Tout au long des années 1980, les preuves se sont accumulées que le changement climatique était une partie d'un phénomène plus vaste - le changement global - nécessitant une vision scientifique encore plus large et l'établissement de liens entre la géophysique, la chimie et la biologie. Cette prise de conscience a finalement conduit au lancement du projet parrainé par l'ICSU Programme international géosphère-biosphère (IGBP) lors de l'Assemblée générale de l'ICSU en 1986. L'IGBP a été créé pour aborder la Terre en tant que système de phénomènes interagissant à l'échelle mondiale, et pour comprendre les processus physiques, chimiques et biologiques qui régulent ce système, les changements qui se produisent dans ces processus et le rôle de activités humaines dans ces changements.

Suite au succès de la Conférence de 1979 qui a conduit à la création du PMRC, le CIUS et l'OMM ont parrainé une deuxième Conférence mondiale sur le climat à Genève en octobre 1990. Cette conférence a marqué une nouvelle étape dans la reconnaissance de la réalité du changement climatique. Il a reçu le premier rapport d'évaluation du GIEC. Un chapitre clé sur un plan d'action scientifique pour une meilleure prévision du changement climatique mondial a été co-écrit par les présidents du WCRP et de l'IGBP.

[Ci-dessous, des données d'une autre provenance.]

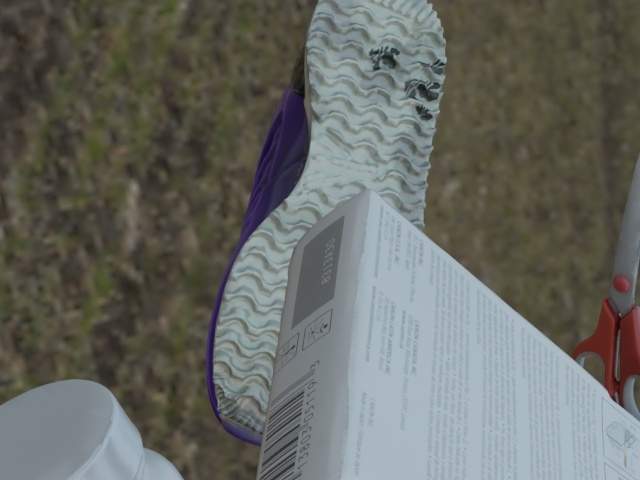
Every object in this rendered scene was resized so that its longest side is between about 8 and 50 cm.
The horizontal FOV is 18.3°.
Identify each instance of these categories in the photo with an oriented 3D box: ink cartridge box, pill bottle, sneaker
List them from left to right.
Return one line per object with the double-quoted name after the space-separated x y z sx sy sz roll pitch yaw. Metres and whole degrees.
-0.140 0.245 1.368 0.161 0.161 0.283 -78 147 -55 "pill bottle"
0.001 0.000 1.164 0.146 0.102 0.293 120 -12 -63 "sneaker"
0.075 0.106 0.773 0.225 0.056 0.181 41 29 -21 "ink cartridge box"

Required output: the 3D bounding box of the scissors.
0.260 0.052 1.778 0.021 0.109 0.297 -34 121 -45 "scissors"

La publication du GIEC Premier rapport d'évaluation en 1990 a incité les gouvernements à négocier la Convention-cadre des Nations Unies sur les changements climatiques (CCNUCC), qui était prête à être signée lors de la Conférence des Nations Unies sur l'environnement et le développement (CNUED) de 1992 – également connue sous le nom de « Sommet de la Terre » – à Rio de Janeiro .

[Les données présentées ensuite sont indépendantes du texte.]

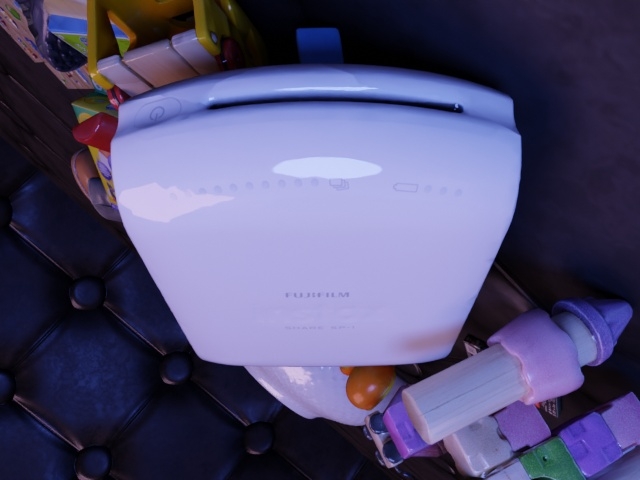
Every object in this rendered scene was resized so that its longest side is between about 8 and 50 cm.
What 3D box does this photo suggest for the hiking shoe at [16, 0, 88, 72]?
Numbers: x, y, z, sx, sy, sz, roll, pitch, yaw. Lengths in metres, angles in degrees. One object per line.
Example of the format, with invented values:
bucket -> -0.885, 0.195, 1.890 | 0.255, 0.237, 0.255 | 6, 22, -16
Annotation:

Le GIEC Deuxième rapport d'évaluation de 1995 a fourni d'importants éléments sur lesquels se sont appuyés les négociateurs dans la perspective de l'adoption de la Protocole de Kyoto à la CCNUCC en 1997. Le PMRC et l'IGBP ont joué un rôle clé dans la coordination de la recherche évaluée par le GIEC.

Ce texte est extrait de la brochure « Le Conseil international pour la science et le changement climatique : 60 ans à faciliter la recherche sur le changement climatique et à éclairer les politiques ».